- [DATASET EXTRACT]:
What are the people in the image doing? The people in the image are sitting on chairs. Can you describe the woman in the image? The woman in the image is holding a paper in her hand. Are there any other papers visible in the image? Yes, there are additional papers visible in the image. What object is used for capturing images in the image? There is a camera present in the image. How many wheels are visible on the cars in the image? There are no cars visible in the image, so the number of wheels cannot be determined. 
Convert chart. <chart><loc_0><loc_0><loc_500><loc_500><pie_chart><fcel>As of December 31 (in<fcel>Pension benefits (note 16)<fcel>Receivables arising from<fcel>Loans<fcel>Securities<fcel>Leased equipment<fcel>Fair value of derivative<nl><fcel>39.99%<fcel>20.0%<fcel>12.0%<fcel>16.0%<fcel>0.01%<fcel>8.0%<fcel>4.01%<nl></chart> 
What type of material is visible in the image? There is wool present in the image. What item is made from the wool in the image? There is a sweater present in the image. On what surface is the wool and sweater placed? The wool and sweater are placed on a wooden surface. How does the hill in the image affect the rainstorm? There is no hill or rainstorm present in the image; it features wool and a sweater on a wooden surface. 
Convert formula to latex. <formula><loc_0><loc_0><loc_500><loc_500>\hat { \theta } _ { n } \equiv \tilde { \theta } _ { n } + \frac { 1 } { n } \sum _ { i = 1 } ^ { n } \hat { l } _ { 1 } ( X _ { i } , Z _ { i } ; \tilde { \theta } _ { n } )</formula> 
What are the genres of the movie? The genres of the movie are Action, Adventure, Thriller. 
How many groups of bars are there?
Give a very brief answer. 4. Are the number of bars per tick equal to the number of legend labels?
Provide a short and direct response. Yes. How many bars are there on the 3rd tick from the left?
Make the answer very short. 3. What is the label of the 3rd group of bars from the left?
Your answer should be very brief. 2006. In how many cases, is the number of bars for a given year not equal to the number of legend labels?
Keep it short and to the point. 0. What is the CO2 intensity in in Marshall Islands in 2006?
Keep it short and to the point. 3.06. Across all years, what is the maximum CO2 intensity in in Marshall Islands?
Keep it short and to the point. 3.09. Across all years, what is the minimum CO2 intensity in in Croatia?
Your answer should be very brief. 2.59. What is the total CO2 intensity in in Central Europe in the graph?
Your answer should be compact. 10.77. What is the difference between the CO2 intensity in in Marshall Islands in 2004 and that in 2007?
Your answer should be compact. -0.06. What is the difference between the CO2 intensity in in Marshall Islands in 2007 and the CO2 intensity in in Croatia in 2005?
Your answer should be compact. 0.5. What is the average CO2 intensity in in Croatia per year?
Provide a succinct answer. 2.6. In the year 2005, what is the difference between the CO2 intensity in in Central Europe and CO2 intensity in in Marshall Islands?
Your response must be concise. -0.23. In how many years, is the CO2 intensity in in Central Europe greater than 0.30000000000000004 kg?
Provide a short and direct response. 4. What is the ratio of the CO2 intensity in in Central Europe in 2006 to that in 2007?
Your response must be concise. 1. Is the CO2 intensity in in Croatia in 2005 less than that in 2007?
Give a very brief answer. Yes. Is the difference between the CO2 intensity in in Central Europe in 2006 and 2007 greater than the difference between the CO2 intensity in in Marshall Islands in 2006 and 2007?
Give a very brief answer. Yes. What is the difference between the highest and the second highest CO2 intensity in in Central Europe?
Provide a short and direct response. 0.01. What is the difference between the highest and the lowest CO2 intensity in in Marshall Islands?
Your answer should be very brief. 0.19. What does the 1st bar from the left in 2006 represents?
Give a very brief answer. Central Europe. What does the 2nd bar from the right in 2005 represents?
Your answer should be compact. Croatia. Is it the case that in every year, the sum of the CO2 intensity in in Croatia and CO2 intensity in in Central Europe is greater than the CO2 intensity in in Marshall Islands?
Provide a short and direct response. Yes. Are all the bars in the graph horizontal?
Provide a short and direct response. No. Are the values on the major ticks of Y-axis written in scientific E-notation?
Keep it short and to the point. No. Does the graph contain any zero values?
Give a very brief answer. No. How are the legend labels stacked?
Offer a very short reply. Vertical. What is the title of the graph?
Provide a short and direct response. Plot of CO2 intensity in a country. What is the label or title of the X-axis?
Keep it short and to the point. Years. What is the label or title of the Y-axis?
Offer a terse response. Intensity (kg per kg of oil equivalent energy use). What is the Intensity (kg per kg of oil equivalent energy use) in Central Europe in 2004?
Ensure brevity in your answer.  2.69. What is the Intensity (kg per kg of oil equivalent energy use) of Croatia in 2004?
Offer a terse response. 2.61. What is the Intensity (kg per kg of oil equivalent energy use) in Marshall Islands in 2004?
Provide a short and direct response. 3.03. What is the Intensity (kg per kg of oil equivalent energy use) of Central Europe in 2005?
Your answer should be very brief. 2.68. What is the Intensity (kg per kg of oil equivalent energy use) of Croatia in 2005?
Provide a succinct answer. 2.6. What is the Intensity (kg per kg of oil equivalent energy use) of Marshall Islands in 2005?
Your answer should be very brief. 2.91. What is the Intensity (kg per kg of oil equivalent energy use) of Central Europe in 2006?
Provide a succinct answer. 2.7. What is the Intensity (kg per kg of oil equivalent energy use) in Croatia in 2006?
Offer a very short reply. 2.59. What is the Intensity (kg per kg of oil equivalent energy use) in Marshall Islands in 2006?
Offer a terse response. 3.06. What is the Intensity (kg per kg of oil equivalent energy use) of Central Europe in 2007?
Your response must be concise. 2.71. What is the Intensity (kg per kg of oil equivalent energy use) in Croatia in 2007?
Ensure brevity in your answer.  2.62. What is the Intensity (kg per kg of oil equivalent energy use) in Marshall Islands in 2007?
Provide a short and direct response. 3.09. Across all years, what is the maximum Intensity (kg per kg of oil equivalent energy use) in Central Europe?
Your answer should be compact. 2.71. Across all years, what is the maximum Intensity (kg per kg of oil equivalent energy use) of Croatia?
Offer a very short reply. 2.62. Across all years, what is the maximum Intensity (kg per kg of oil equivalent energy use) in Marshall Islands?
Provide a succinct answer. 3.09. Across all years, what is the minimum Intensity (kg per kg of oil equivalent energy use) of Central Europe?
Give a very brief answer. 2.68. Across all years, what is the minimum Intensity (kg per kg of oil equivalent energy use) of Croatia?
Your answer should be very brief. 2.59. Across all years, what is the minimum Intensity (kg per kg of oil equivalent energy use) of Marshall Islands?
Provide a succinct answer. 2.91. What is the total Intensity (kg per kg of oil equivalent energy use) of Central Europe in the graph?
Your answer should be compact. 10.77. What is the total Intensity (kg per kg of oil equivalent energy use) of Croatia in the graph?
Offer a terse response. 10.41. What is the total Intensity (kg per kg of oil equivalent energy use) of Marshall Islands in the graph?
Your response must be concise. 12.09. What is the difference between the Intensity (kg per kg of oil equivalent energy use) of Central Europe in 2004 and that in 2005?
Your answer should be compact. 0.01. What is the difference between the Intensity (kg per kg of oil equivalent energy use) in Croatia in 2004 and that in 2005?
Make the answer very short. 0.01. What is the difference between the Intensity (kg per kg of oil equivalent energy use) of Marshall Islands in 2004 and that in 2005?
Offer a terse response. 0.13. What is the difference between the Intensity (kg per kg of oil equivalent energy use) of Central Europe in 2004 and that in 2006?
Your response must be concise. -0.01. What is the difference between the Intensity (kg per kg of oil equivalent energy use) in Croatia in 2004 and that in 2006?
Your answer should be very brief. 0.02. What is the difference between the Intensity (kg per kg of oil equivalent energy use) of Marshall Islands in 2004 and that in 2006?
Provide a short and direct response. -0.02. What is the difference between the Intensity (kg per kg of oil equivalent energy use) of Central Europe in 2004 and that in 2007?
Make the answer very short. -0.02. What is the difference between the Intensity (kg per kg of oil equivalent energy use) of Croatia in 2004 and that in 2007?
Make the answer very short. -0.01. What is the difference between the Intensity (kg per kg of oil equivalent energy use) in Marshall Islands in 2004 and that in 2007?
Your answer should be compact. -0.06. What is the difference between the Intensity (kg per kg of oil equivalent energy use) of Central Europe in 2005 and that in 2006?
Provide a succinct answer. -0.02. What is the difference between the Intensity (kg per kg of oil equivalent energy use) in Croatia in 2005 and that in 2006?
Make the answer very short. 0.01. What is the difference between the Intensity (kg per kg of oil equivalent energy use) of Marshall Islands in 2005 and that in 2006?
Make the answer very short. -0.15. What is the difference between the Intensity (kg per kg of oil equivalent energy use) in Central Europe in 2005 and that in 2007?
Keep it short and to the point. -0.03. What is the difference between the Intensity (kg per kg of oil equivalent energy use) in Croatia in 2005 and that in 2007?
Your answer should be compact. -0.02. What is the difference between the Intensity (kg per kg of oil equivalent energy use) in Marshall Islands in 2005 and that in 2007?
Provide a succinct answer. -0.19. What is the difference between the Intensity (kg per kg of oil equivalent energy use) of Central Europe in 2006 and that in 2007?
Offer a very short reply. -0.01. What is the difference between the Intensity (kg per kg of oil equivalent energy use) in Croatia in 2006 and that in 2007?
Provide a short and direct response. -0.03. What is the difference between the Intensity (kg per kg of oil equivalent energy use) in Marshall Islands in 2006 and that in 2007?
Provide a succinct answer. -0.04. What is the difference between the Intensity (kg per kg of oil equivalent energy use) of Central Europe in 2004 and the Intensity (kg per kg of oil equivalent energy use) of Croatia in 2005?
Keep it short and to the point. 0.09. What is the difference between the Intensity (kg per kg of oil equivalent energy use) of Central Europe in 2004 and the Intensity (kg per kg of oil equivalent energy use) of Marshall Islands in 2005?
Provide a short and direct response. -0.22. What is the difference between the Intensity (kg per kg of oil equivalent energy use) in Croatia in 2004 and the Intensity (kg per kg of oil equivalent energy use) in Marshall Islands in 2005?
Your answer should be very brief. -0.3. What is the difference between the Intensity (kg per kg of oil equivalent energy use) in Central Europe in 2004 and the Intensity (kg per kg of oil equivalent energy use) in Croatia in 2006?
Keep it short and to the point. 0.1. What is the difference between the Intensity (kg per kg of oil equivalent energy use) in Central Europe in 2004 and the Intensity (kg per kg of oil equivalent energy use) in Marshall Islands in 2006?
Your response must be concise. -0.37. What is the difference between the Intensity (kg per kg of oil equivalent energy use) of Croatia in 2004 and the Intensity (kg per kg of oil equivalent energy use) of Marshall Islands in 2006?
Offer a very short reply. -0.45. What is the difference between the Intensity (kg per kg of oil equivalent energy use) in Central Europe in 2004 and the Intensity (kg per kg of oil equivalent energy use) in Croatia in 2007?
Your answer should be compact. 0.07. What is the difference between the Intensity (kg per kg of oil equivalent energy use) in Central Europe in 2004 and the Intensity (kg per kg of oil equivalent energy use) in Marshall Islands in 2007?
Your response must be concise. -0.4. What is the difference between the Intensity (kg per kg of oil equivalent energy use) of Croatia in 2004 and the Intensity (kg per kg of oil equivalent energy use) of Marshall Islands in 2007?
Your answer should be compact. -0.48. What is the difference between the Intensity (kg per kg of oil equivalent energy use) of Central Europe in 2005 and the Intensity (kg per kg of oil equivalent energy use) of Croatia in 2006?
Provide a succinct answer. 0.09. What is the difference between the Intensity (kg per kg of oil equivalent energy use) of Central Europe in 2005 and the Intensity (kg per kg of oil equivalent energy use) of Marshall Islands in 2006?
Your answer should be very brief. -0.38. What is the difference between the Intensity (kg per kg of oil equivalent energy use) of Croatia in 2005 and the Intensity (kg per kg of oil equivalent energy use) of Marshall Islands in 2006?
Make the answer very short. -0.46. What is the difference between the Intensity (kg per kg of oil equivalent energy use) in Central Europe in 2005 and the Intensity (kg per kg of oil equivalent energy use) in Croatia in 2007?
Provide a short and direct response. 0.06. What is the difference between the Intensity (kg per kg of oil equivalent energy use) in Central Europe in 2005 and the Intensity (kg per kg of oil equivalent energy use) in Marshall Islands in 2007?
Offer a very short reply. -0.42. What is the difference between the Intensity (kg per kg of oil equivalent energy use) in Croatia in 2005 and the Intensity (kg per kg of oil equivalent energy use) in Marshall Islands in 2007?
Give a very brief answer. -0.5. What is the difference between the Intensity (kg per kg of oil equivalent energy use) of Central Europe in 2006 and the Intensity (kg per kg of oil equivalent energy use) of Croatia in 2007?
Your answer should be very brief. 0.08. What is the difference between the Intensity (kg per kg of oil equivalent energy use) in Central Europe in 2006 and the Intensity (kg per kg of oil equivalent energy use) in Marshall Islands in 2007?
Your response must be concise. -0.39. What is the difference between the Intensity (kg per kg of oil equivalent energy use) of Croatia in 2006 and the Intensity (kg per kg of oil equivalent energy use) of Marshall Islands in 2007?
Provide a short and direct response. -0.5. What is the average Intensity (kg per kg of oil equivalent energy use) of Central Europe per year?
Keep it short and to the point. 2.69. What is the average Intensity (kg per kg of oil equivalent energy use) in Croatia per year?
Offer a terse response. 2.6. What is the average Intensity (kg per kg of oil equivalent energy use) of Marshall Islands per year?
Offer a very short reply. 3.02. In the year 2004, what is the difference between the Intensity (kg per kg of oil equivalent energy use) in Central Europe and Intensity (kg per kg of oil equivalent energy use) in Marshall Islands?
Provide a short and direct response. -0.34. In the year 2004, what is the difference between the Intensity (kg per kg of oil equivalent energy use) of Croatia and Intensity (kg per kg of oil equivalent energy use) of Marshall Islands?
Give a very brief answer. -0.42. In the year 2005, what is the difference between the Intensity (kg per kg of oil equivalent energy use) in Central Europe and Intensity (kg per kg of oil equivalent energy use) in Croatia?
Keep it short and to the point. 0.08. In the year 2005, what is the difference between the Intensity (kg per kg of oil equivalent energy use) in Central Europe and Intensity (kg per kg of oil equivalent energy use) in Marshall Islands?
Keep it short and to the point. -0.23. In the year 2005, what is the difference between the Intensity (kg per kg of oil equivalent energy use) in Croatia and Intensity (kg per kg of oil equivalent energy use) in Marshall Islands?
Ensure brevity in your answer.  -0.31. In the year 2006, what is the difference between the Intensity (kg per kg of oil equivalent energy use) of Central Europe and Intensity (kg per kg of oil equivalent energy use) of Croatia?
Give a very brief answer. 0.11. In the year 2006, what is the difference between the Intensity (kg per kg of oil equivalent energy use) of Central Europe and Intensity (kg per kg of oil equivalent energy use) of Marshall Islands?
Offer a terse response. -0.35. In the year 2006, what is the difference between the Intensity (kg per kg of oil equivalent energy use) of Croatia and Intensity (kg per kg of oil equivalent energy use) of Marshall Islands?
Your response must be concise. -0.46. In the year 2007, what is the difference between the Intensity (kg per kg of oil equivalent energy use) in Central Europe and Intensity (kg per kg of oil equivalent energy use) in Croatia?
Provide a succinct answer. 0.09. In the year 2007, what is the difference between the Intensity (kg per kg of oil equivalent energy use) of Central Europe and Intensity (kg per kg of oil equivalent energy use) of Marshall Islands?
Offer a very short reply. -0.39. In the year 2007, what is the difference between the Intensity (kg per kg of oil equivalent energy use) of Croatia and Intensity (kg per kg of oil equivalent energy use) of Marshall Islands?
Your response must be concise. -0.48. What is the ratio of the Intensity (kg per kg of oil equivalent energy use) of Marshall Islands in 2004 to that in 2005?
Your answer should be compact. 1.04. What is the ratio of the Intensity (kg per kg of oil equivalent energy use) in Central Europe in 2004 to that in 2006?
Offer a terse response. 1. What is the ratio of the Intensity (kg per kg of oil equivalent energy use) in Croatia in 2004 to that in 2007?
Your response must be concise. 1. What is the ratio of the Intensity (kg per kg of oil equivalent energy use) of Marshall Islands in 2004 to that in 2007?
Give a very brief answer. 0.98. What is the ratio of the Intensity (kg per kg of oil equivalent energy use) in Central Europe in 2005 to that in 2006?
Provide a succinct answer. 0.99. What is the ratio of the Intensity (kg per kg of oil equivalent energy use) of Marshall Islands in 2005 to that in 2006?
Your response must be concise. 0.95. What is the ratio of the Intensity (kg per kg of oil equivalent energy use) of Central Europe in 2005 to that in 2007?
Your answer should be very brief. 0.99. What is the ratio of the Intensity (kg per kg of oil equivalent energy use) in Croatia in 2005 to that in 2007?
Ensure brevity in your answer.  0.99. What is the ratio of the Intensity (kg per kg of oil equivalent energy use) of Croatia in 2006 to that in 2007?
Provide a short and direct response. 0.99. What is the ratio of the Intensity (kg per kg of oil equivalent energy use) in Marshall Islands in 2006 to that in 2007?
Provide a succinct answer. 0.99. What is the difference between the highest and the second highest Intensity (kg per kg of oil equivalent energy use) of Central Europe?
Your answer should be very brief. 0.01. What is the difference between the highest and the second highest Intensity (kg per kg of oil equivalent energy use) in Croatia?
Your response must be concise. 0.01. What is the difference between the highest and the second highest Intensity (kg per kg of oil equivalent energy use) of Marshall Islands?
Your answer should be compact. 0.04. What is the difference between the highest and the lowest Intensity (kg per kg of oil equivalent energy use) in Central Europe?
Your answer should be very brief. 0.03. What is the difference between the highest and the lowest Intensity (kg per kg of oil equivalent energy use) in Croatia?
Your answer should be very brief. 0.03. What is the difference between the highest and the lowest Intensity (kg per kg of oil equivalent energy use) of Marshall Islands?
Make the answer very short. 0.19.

- [EXERCISE]: The line with "Keep it short and to the point. 0. What" marks the end; reproduce exactly every line from the start of the entries up to it, that line included.

- [RESPONSE AREA]:
What are the people in the image doing? The people in the image are sitting on chairs. Can you describe the woman in the image? The woman in the image is holding a paper in her hand. Are there any other papers visible in the image? Yes, there are additional papers visible in the image. What object is used for capturing images in the image? There is a camera present in the image. How many wheels are visible on the cars in the image? There are no cars visible in the image, so the number of wheels cannot be determined. 
Convert chart. <chart><loc_0><loc_0><loc_500><loc_500><pie_chart><fcel>As of December 31 (in<fcel>Pension benefits (note 16)<fcel>Receivables arising from<fcel>Loans<fcel>Securities<fcel>Leased equipment<fcel>Fair value of derivative<nl><fcel>39.99%<fcel>20.0%<fcel>12.0%<fcel>16.0%<fcel>0.01%<fcel>8.0%<fcel>4.01%<nl></chart> 
What type of material is visible in the image? There is wool present in the image. What item is made from the wool in the image? There is a sweater present in the image. On what surface is the wool and sweater placed? The wool and sweater are placed on a wooden surface. How does the hill in the image affect the rainstorm? There is no hill or rainstorm present in the image; it features wool and a sweater on a wooden surface. 
Convert formula to latex. <formula><loc_0><loc_0><loc_500><loc_500>\hat { \theta } _ { n } \equiv \tilde { \theta } _ { n } + \frac { 1 } { n } \sum _ { i = 1 } ^ { n } \hat { l } _ { 1 } ( X _ { i } , Z _ { i } ; \tilde { \theta } _ { n } )</formula> 
What are the genres of the movie? The genres of the movie are Action, Adventure, Thriller. 
How many groups of bars are there?
Give a very brief answer. 4. Are the number of bars per tick equal to the number of legend labels?
Provide a short and direct response. Yes. How many bars are there on the 3rd tick from the left?
Make the answer very short. 3. What is the label of the 3rd group of bars from the left?
Your answer should be very brief. 2006. In how many cases, is the number of bars for a given year not equal to the number of legend labels?
Keep it short and to the point. 0. What is the CO2 intensity in in Marshall Islands in 2006?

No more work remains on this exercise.